It will be seen from this exchange that Mr Brereton assumed that it was open to the respondents to make an election limited to the issues in respect of which the no case submissions were to be adduced.  In other words, he assumed that the respondents could make no case submissions on the issues he had identified, yet reserve their right to adduce evidence on the issues in respect of which he concedes that the Trustees had made out a prima facie case.

9                     Debate then ensued as to whether the course proposed by Mr Brereton was appropriate.  That debate had not concluded by the luncheon adjournment on the second day of the trial.

10                  Upon resuming after the adjournment, Mr Coles announced that the Trustees consented to my hearing the respondents’ application “in the manner foreshadowed”.  I then pointed out that there might be a reason why this was not the appropriate course, namely that the respondents’ election not to call evidence might apply to all issues in the proceeding, including those in respect of which the respondents did not intend to make a no case submission.  I indicated, nonetheless, that if the parties consented to the trial following the course proposed by Mr Brereton, I would not be disposed to stand in their way.

11                  In consenting to this course, counsel understood (as they later made clear) that I would deliver judgment on the respondents’ no case submissions before proceeding to the hearing of the remaining issues in the case.  This has the undesirable consequence that it will become necessary to adjourn the hearing until after judgment is delivered on the no case submissions.  I must confess that had I appreciated at the outset that this would be the consequence of the respondents being permitted to make no case submissions, I would have been very reluctant to entertain them.  However, the parties having consented to the proposed course, I consider that I should follow it.

reasoning on the election issue

12                  As Mr Brereton acknowledged, there is a general rule of practice that a party should not be permitted to make a no case submission unless he or she elects not to call evidence: Protean Holdings (Ltd) (Receivers and Managers Appointed) v American Home Assurance Co (1985) VR 187, at 238, per Tadgell J (with whom Fullagar J agreed); Rasomen Pty Ltd v Shell Company of Australia Ltd (1997) 75 FCR 216, at 223, per curiam.  The Court, however, retains a discretion as to whether to depart from the general rule.  In deciding which course to follow:

“the Judge will be guided by the nature of the case, the stage it has reached, the particular issues involved and the evidence that has been given.  The imposition of a requirement that the moving party make an election before the Judge entertains the submission, or before he rules on it, will depend on the just and convenient disposition of the litigation.”
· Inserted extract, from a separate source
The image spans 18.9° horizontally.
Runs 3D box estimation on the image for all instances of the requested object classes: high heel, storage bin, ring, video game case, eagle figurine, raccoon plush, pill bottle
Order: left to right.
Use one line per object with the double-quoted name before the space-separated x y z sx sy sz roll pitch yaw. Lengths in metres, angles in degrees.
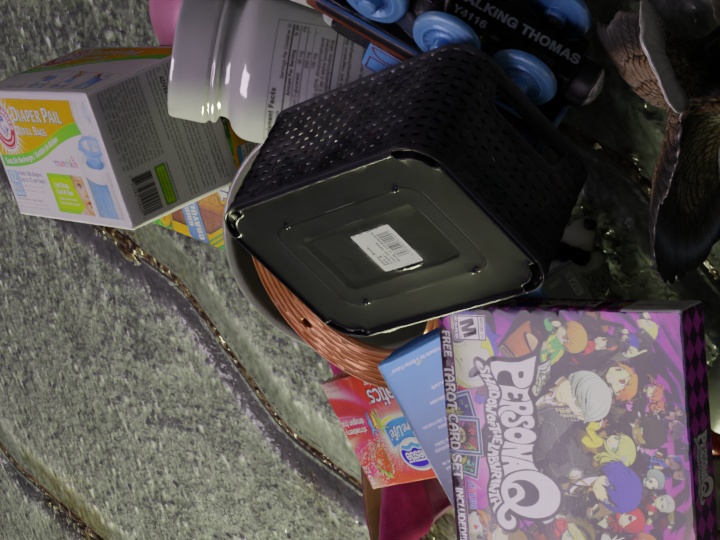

Protean v American Home Assurance, at 238; Rasomen v Shell, at 223.  In this respect “caseflow management” principles are relevant, but the ultimate aim is the attainment of justice: Rasoman v Shell, at 224.

13                  Mr Brereton submitted that there were a number of reasons justifying a departure from the general rule of practice.

  • First, the case was one in which fraud, in the sense of defrauding creditors, was an essential element of the Trustees’ claim.  It would be wrong (so it was argued) to suggest that the respondents should have to call evidence and submit to cross-examination before sufficient evidence of fraud is adduced to establish a prima facie case. This is especially so where the fraud alleged is that of a third party (the Bankrupt), in circumstances where the Trustees could have called him as a witness in their case.
  • The no case submission could be addressed without assessing the credit of any witness.
  • All respondents joined in the submission.
  • Permitting the respondents to make the no case submissions “might well” save Court time and costs.  In oral argument, Mr Brereton estimated that perhaps a day might be saved.
  • Although the respondents had not flagged their intention to make no case submissions in advance of the hearing, it had been evident from early in the hearing that the sufficiency of the Trustees’ evidence was to be challenged.  The Trustees were therefore not entitled to claim that they had been put at a disadvantage by the respondents’ intentions.

14                  As I noted in ACCC v Amcor, at 358, the authorities recognise that a departure from the general rule of practice is often justified where fraud is alleged against the moving party.  The statement of Fullagar J in The Union Bank of Australia Ltd v Puddy [1949] VLR 242, at 246, has frequently been cited.  His Honour said that where fraud is alleged

“it may often be wrong to suggest that a party should submit himself to cross-examination before it is seen that there is really some evidence against him.”


See also Protean v American Home Assurances, at 215, per Young CJ; at 236, per Tadgell J; Compaq Computer Australia Pty Ltd v Merry (1998) 157 ALR 1, at 9, per Finkelstein J.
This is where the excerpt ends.